For simple home server use, such as a file server or single user direct play PLEX server, these options might be an appealing and inexpensive and energy efficient option for your home server. Expect performance issues if you try to scale though, and don't expect to be able to run multiple virtual machines or do heavy transcoding, you don't have many options for expansion and little to no options for upgrading either. Forget a hardware RAID card or having any SATA ports at all. You likely won't be able to add much more ram, and definitely won't be able to increase processing power unless you go the clustering route and purchase multiple units. If your use case is compute intensive or would require expansion cards (like a GPU for example) SBCs are likely not a good option.
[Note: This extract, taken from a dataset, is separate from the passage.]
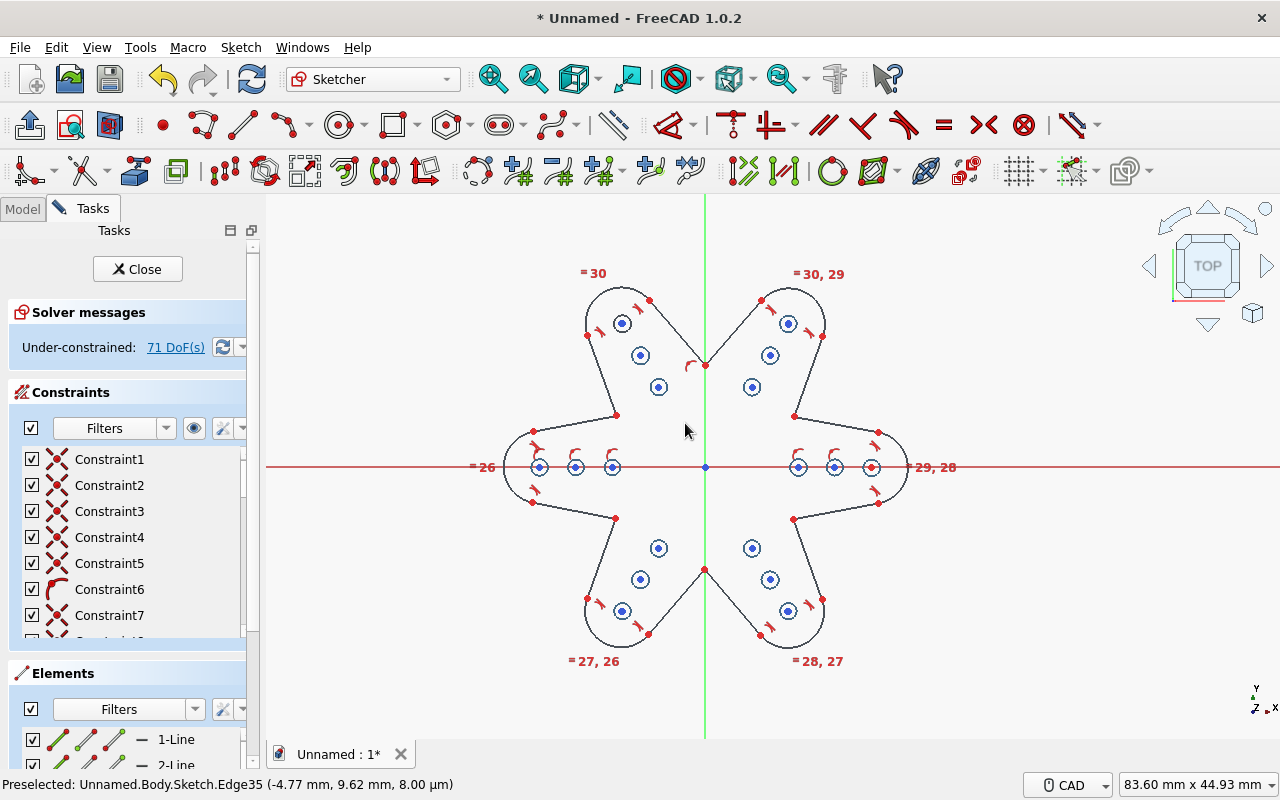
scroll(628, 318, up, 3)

If you decide to go with an ARM-based board be aware that some software will not work because it is only available for x86-based CPUs. The reason is usually that the software is proprietary and was only ever released for x86. Among ARM-based SBCs the Raspberry Pi has by far the best software support as it has the largest userbase.

Connecting hard drives via USB docks may have some performance impact. Use USB 3 where possible and don't attach too many drives to a single port.

  • NanoPi
    • NanoPi M4V2 More expensive than a Rpi4 but more powerful hardware with the option to install a x4 SATA HAT.
  • Intel NUC
    • Search your NUC here for more information on it

NUCs have significantly more power than a SBC, and are exclusively Intel-based. They run the gamut from small celerons to some of Intel's most powerful mobile chipsets. Very feature-rich, most all of them will include quicksync features for transcoding, and have some amount of expansion capabilities (adding/changing ram, additional SSD in some cases). NUCs will also be significantly more expensive than the above listed SBCs.